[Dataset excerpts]

##########

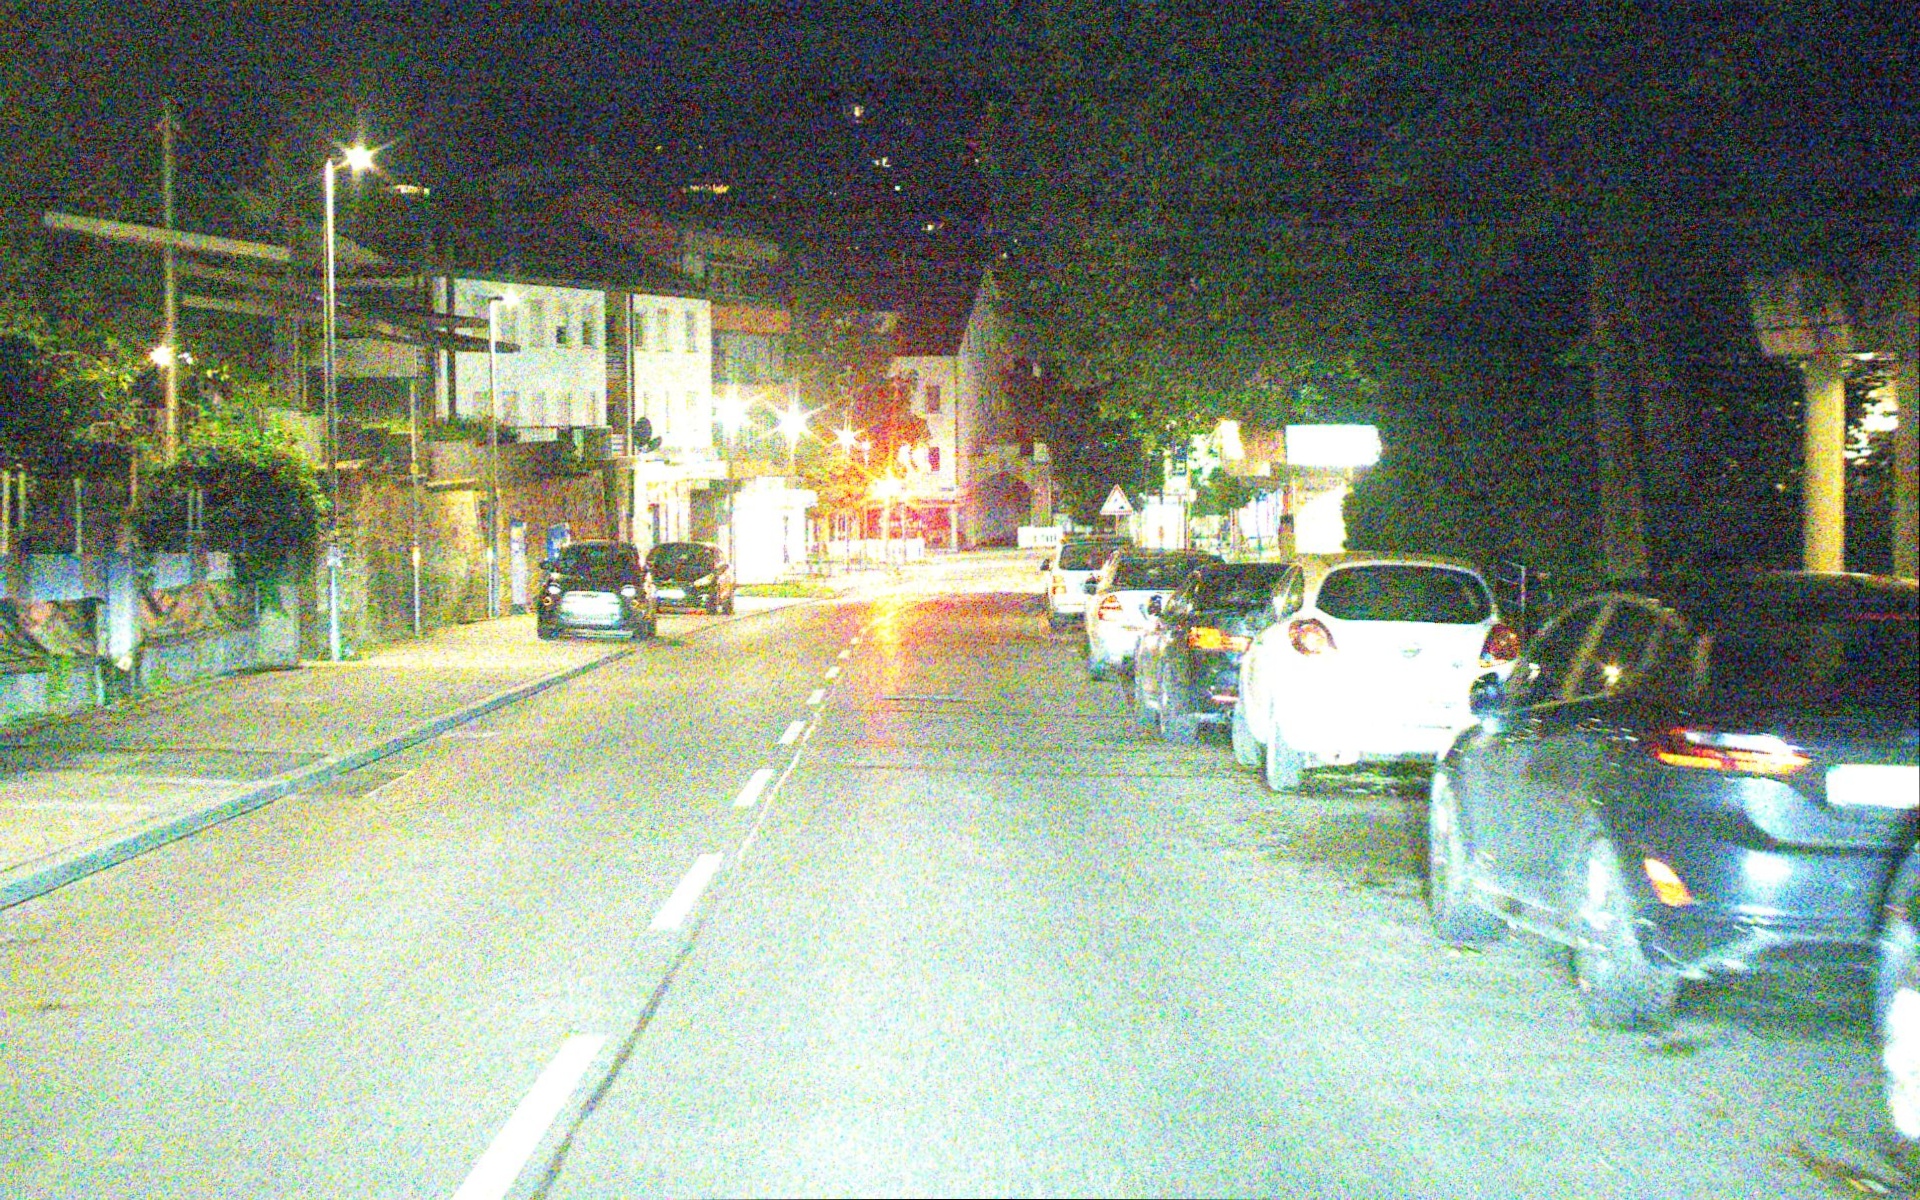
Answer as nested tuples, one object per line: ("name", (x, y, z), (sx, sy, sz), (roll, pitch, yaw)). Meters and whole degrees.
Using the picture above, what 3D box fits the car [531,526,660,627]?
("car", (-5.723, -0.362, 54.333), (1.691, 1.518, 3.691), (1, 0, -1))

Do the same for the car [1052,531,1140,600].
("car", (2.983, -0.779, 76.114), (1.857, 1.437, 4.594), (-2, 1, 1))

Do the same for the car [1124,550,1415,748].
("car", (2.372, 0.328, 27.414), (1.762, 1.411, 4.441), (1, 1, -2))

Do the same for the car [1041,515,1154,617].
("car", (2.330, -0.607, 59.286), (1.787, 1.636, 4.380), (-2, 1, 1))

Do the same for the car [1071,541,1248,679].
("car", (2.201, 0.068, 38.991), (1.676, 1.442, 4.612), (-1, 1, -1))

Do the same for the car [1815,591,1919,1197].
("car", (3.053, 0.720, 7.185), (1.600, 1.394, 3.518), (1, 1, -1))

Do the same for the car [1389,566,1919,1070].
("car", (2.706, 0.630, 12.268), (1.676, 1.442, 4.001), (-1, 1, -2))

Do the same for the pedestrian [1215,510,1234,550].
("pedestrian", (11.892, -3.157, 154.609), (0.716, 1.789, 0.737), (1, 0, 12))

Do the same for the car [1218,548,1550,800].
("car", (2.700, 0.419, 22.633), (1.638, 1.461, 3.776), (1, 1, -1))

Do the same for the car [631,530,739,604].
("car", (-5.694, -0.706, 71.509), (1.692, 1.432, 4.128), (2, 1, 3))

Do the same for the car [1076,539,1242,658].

##########

Every record above must be given again exactly; drop the pictures.

» **WRITTEN REPLY**:
Answer as nested tuples, one object per line: ("name", (x, y, z), (sx, sy, sz), (roll, pitch, yaw)). Meters and whole degrees.
Using the picture above, what 3D box fits the car [531,526,660,627]?
("car", (-5.723, -0.362, 54.333), (1.691, 1.518, 3.691), (1, 0, -1))

Do the same for the car [1052,531,1140,600].
("car", (2.983, -0.779, 76.114), (1.857, 1.437, 4.594), (-2, 1, 1))

Do the same for the car [1124,550,1415,748].
("car", (2.372, 0.328, 27.414), (1.762, 1.411, 4.441), (1, 1, -2))

Do the same for the car [1041,515,1154,617].
("car", (2.330, -0.607, 59.286), (1.787, 1.636, 4.380), (-2, 1, 1))

Do the same for the car [1071,541,1248,679].
("car", (2.201, 0.068, 38.991), (1.676, 1.442, 4.612), (-1, 1, -1))

Do the same for the car [1815,591,1919,1197].
("car", (3.053, 0.720, 7.185), (1.600, 1.394, 3.518), (1, 1, -1))

Do the same for the car [1389,566,1919,1070].
("car", (2.706, 0.630, 12.268), (1.676, 1.442, 4.001), (-1, 1, -2))

Do the same for the pedestrian [1215,510,1234,550].
("pedestrian", (11.892, -3.157, 154.609), (0.716, 1.789, 0.737), (1, 0, 12))

Do the same for the car [1218,548,1550,800].
("car", (2.700, 0.419, 22.633), (1.638, 1.461, 3.776), (1, 1, -1))

Do the same for the car [631,530,739,604].
("car", (-5.694, -0.706, 71.509), (1.692, 1.432, 4.128), (2, 1, 3))

Do the same for the car [1076,539,1242,658].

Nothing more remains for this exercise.